When international cloud computing/big data corporation EMC was looking to centralize and optimize data from across its global network, it turned to the team at Harte Hanks to build a trusted, accurate source of accounts and contacts.
Creating this optimized database of information from hundreds of international locations was part of a larger effort to develop what the EMC team calls “business analytics as a service.”
“What we are doing is enabling the enterprise with an analytical view of the customer for predictive modeling and analytics. Think of it as a large data lake that the enterprise has access to,” says Todd Forsythe, vice president, global marketing EMC.
The business analytics as a service platform pulls in data from all aspects of the customer experience and EMC’s internal ERP system, so it’s a very robust data set. Each business unit taps into this data lake, and builds its own analytic workspace to support their line of business.
Through the process of building out marketing’s view of this customer data environment, EMC integrated all of its marketing CRM data across all online and physical touch points. The EMC marketing team had a full view of customer experience from initial touch all the way through the sales cycle and closed bookings.
“As we looked at applying analytics to the business we felt that making dramatic improvements in data quality was critical to our ability to scaling analytics.,” Forsythe says. “Understanding an organization’s behavioral characteristics is critical, but then we have to link those characteristics to individuals so we can take marketing action. With that in mind, we contacted Harte Hanks to help build that data-quality bridge to dramatically improve the structure of the organization, and also the linkage of the contact and cleansing the contact record so it’s actionable and trustworthy.”

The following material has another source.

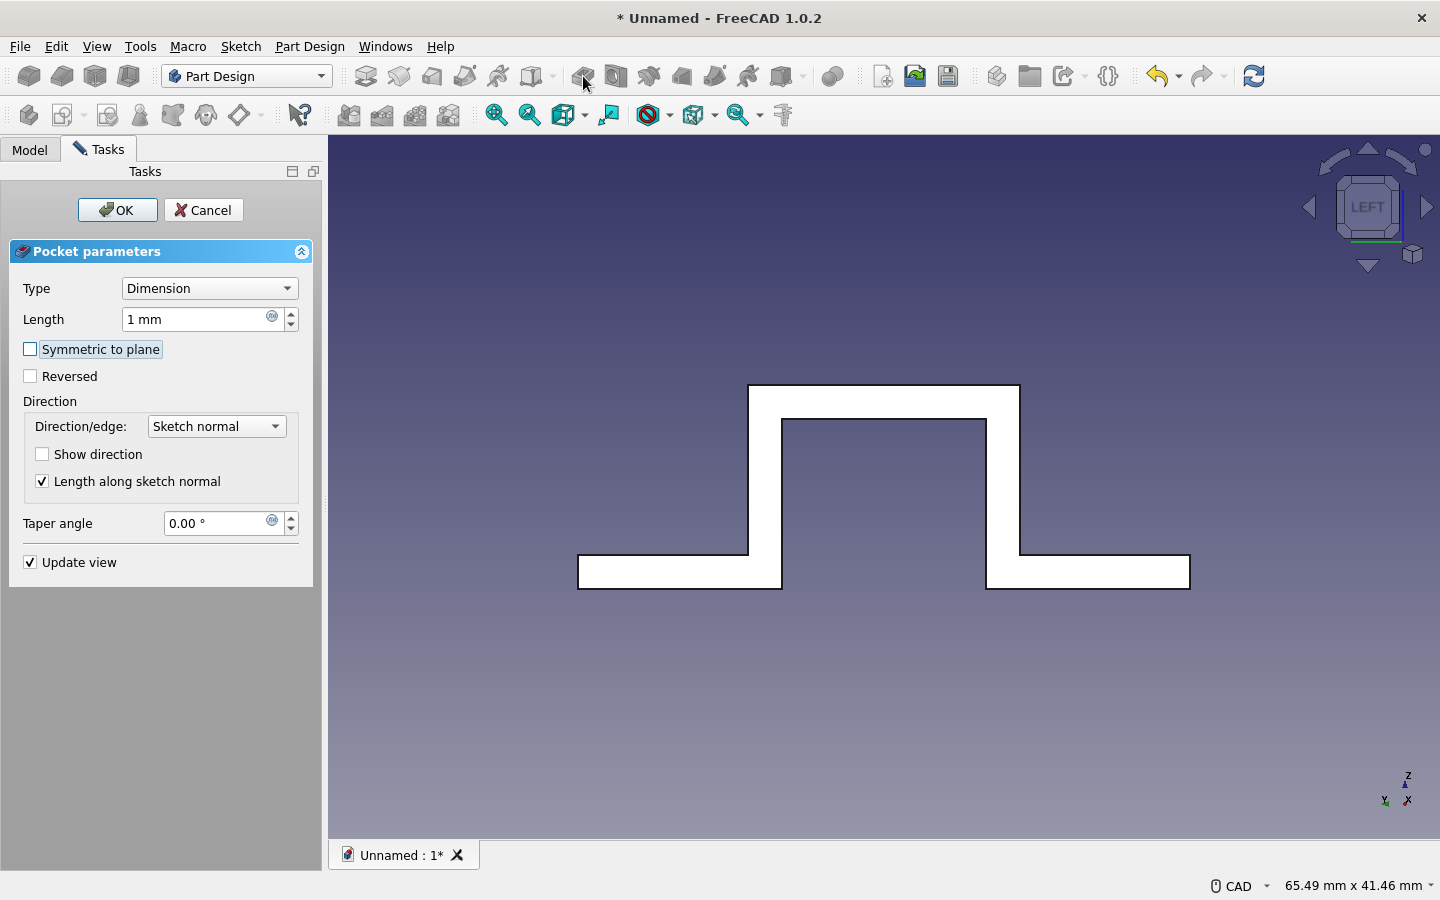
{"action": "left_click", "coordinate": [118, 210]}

The end result is a system that allows EMS to view data from a global view, by country or by single customer—a master record that ties EMC sites together, as well as individual customers so they can be viewed individually or separately.
“EMC had a lot of systems, tools and people on staff to manage the data previously, but what was missing was tying all of those things together, creating standardized best practices and some methods and systems to really enable their global constituents,” says Brad Wamsley, managing director, Harte Hanks.
There were some challenges along the way when creating such a large optimized data set, the first of which had to do with ownership of customer data quality. EMC first had to ask itself who was really accountable for owning data quality on a site by site basis.
“Our view is that the individuals that are closest to the customer and closest to the sales experience should take accountability for ownership of data quality. Our plan was to put the systems and processes in place to maintain and sustain data quality in an always-on mode, then transfer the responsibility of maintaining data quality down to the country level,” Forsythe says.
“EMC field personnel in a given country now have the ability to look at our customer data, understand where there are gaps or challenges in data and take action on it,” Forsythe adds. “And now with the help of Harte Hanks there’s a high degree of confidence when they take action on cleansing or updating data in a real-time way.”
Another challenge was making sure the system would meet the needs of EMC’s global constituents by addressing things such as double byte character data for the Asian markets, and handling multiple languages in the hundreds of countries in which EMC does business, including Cyrillic language character records for eastern Europe and Russia.
When EMC created a team with its field organizations, which made sure all of the characters were accurate.
“We had the local language marketers and subject matter experts engaged in that process to make sure that what we were doing at a centralized level was accurate. The other task was creating a set of forensics to understand whether a source of poor data quality was based on a systematic error, a process error or an end-user error. What we found in our analysis was we not only had to address how we were managing hygiene around data, but that we had to make process improvements and focus on end-user education of importing data into the environment, just to maintain clean data,” Forsythe says.
When it came to making the system user-friendly for those interacting with it each day, the first goal was reestablishing confidence in the team that EMC has the capability to maintain an extremely high degree of data quality over time.
Over the years, our field marketers responsible for developing and executing marketing plans lost confidence in the global database. Our number one goal was rebuilding that confidence,” Forsythe says.
The second goal was streamlining the process so that it was easy for the end user to import data, but also be able to view the data so they could understand and have visibility into data quality.
The end result has enabled the EMC team to see analytics in action.
“We have built a marketing science lab, with big data analytic capability for marketing. Our ability to scale the output of any predictive modeling was based on data quality, so the data quality made an immediate improvement in our ability to scale analytics. Also, because we built a high degree of confidence that we have high quality data throughout the organization, the organization’s appetite to take action on the analytics was much stronger,” Forsythe says.
The ownership of customer data has clearly transitioned into the right hands and the field teams are taking ownership of data, identifying areas of data that are incomplete or inaccurate and cleaning that data up and reloading it into the system so it continually improves.
As a result, the action against the data is much stronger.
“There had been a lot of skepticism of any insight that was pulled out of the data because of data quality concerns, and a lot of that skepticism has eroded, which means we have truly become a data-driven organization and we’re embracing the insights that are derived by data,” Forsythe says.